1. University Core Literary Requirement (UCLR 100) - Masculinity and Fiction
This foundational course in literary studies will explore a range of genres including novels, poetry, and drama. Our
focus will be on masculinity. Some of the questions we will consider are:
What is literature?
Why does it matter?
What is the relationship between literature and culture?
How is masculinity represented in literature?

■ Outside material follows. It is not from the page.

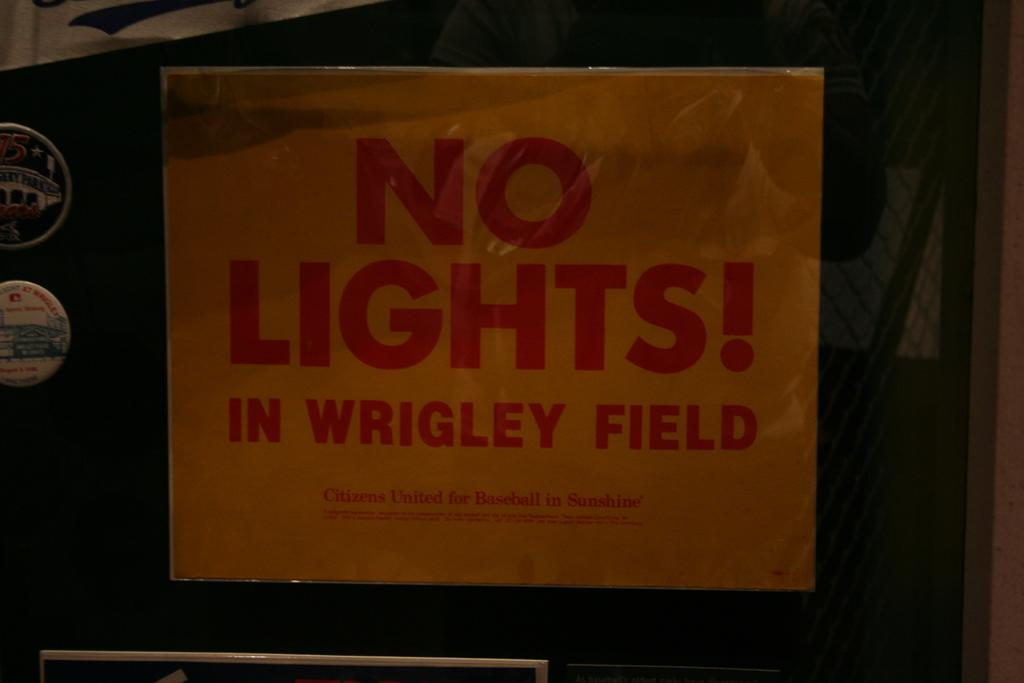<image>
Provide a brief description of the given image. A black bulletin board with a yellow sign that reads no lights in Wrigley Field.

What difference does historical context (time and place) make in representations of masculinity?
Women in Literature (ENGL 283) - Women and War
As Sayre P. Sheldon notes, “Women have written about war as long as there has been writing…Yet war literature is
still seen as almost exclusively male.” We will examine this contention and the role of women in war-making and
war writing through short stories, novels, films and a graphic novel of the twentieth and twenty-first centuries.
We will examine women’s war fiction from WWI, WWII, and Vietnam, and films of the Gulf War and the Iraq
War, among others. This class will explore fiction’s form, media, voice, and purpose, and we will also learn to
contextualize fiction in its particular political, ethical, social and technological era.
Human Values in Literature (ENGL 290) - Strength and Honor: Martial Spirit and Masculinity in Contemporary
Literature and Film
War is an experience that separates the men from the boys, or so popular culture suggests. This course will examine
the relationship between martial spirit and masculinity in war literature and films from World War I, World War II
and Vietnam as well as more recent conflicts.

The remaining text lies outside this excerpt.